EXERCISE AIM> Could you retype the records word for word but without any pictures?

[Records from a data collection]
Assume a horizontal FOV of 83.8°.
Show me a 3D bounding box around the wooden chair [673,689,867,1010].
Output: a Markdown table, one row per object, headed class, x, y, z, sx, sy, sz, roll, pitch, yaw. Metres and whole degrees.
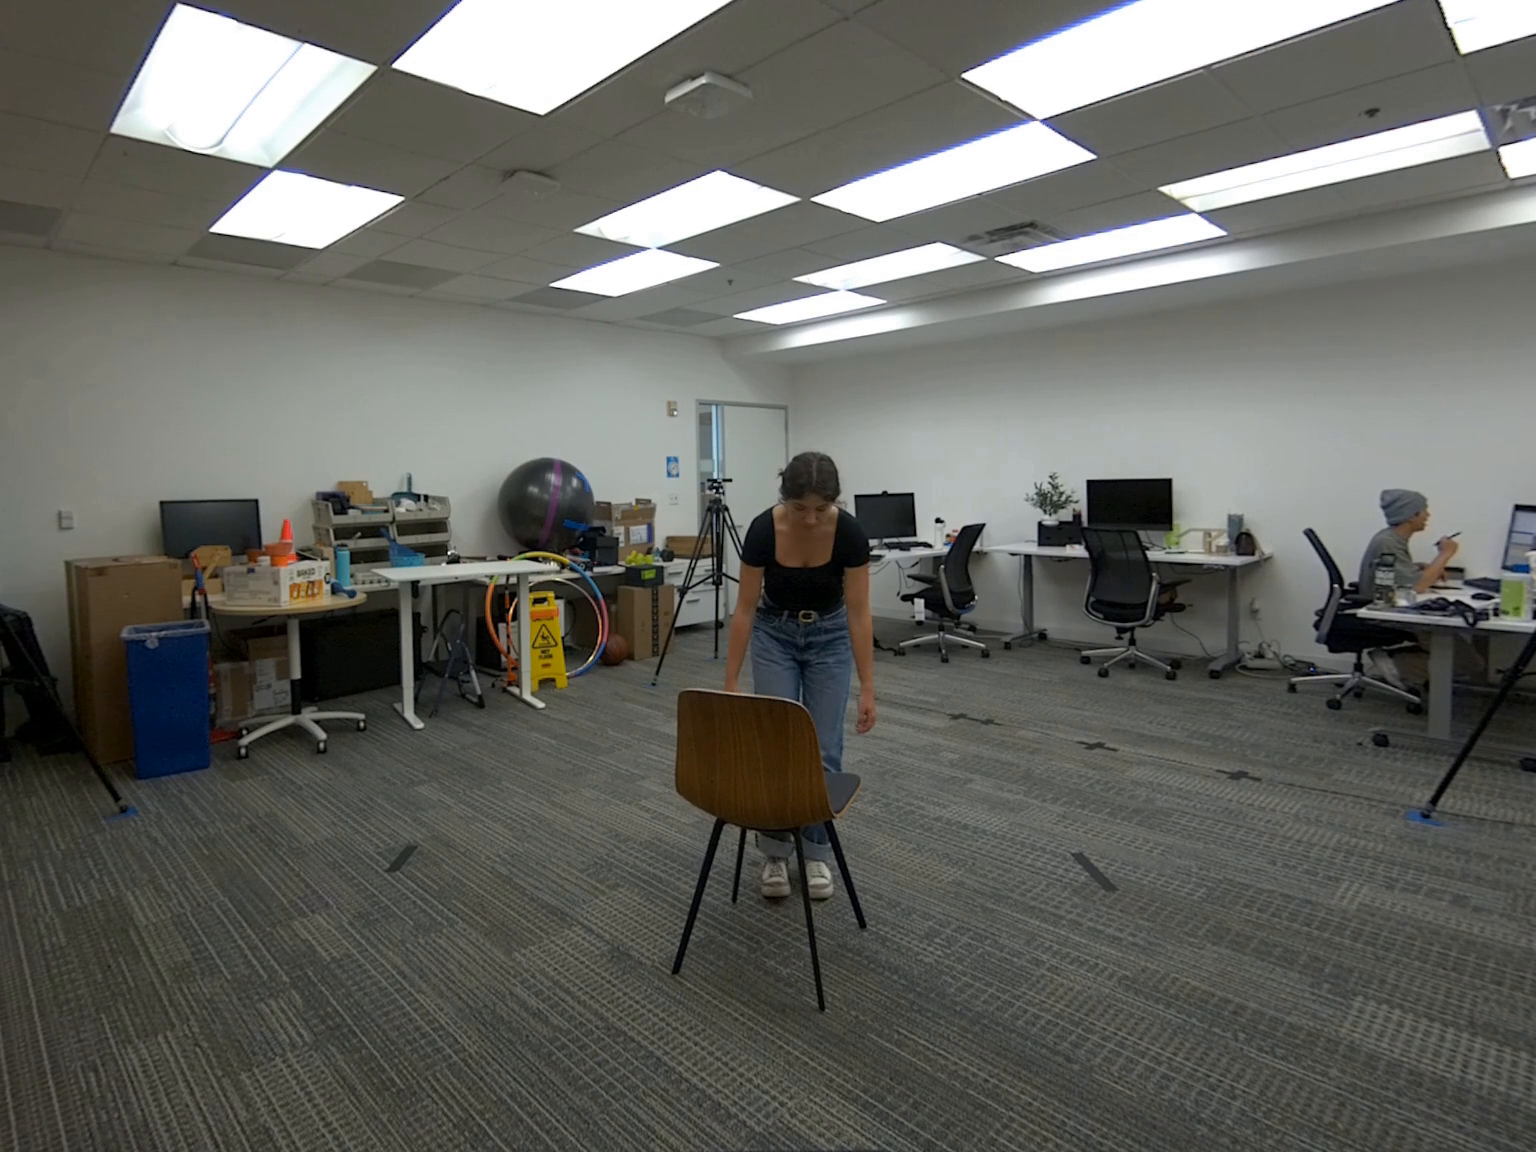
| class | x | y | z | sx | sy | sz | roll | pitch | yaw |
| --- | --- | --- | --- | --- | --- | --- | --- | --- | --- |
| wooden chair | 0.011 | 0.688 | 2.511 | 0.488 | 0.871 | 0.516 | 1 | 9 | 23 |

RESPONSE TO THE EXERCISE>
Assume a horizontal FOV of 83.8°.
Show me a 3D bounding box around the wooden chair [673,689,867,1010].
Output: a Markdown table, one row per object, headed class, x, y, z, sx, sy, sz, roll, pitch, yaw. Metres and whole degrees.
| class | x | y | z | sx | sy | sz | roll | pitch | yaw |
| --- | --- | --- | --- | --- | --- | --- | --- | --- | --- |
| wooden chair | 0.011 | 0.688 | 2.511 | 0.488 | 0.871 | 0.516 | 1 | 9 | 23 |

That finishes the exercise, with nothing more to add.